Exercise details
Take the lines below beginning at the line that has "Continue with the tea" and stopping after the line that has "Look at the", and print them exactly as they are, with no other lines.

Records excerpted from a collection
● ● ● ● ●

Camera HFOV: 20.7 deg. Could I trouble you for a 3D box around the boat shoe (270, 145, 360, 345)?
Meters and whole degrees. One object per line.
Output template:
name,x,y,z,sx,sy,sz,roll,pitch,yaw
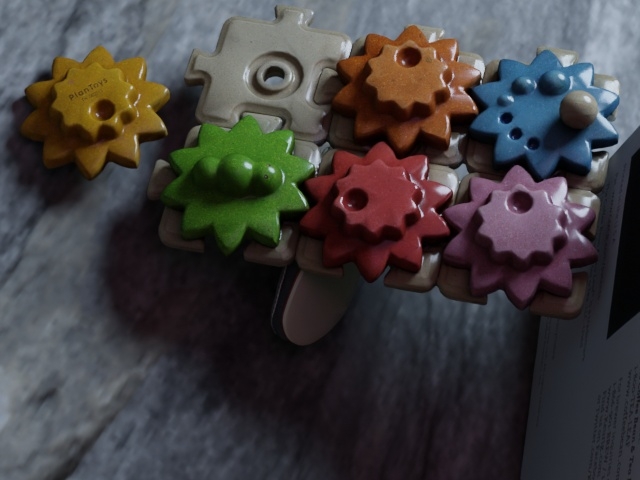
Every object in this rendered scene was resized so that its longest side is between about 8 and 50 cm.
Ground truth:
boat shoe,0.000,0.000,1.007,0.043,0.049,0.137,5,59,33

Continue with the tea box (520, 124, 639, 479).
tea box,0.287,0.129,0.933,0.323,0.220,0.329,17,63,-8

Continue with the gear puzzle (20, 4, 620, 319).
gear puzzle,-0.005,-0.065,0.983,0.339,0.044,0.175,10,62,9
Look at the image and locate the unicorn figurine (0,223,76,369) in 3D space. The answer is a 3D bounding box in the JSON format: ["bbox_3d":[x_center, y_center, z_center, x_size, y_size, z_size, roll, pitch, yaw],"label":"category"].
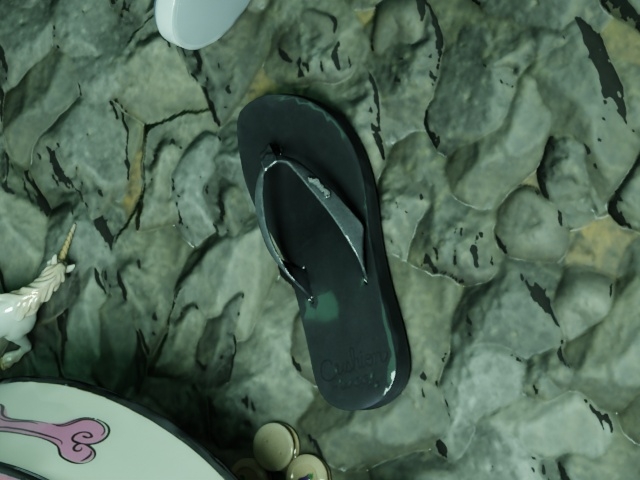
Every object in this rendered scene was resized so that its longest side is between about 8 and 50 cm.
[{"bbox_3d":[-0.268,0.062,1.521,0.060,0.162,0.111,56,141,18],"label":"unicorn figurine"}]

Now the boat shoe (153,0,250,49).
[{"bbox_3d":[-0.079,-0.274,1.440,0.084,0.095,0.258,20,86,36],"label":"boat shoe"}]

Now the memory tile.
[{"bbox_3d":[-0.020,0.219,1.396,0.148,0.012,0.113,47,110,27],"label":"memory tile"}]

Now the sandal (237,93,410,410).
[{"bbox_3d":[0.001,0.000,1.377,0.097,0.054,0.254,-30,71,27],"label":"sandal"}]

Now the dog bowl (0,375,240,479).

● ● ● ● ●

Answer
Continue with the tea box (520, 124, 639, 479).
tea box,0.287,0.129,0.933,0.323,0.220,0.329,17,63,-8

Continue with the gear puzzle (20, 4, 620, 319).
gear puzzle,-0.005,-0.065,0.983,0.339,0.044,0.175,10,62,9
Look at the image and locate the unicorn figurine (0,223,76,369) in 3D space. The answer is a 3D bounding box in the JSON format: ["bbox_3d":[x_center, y_center, z_center, x_size, y_size, z_size, roll, pitch, yaw],"label":"category"].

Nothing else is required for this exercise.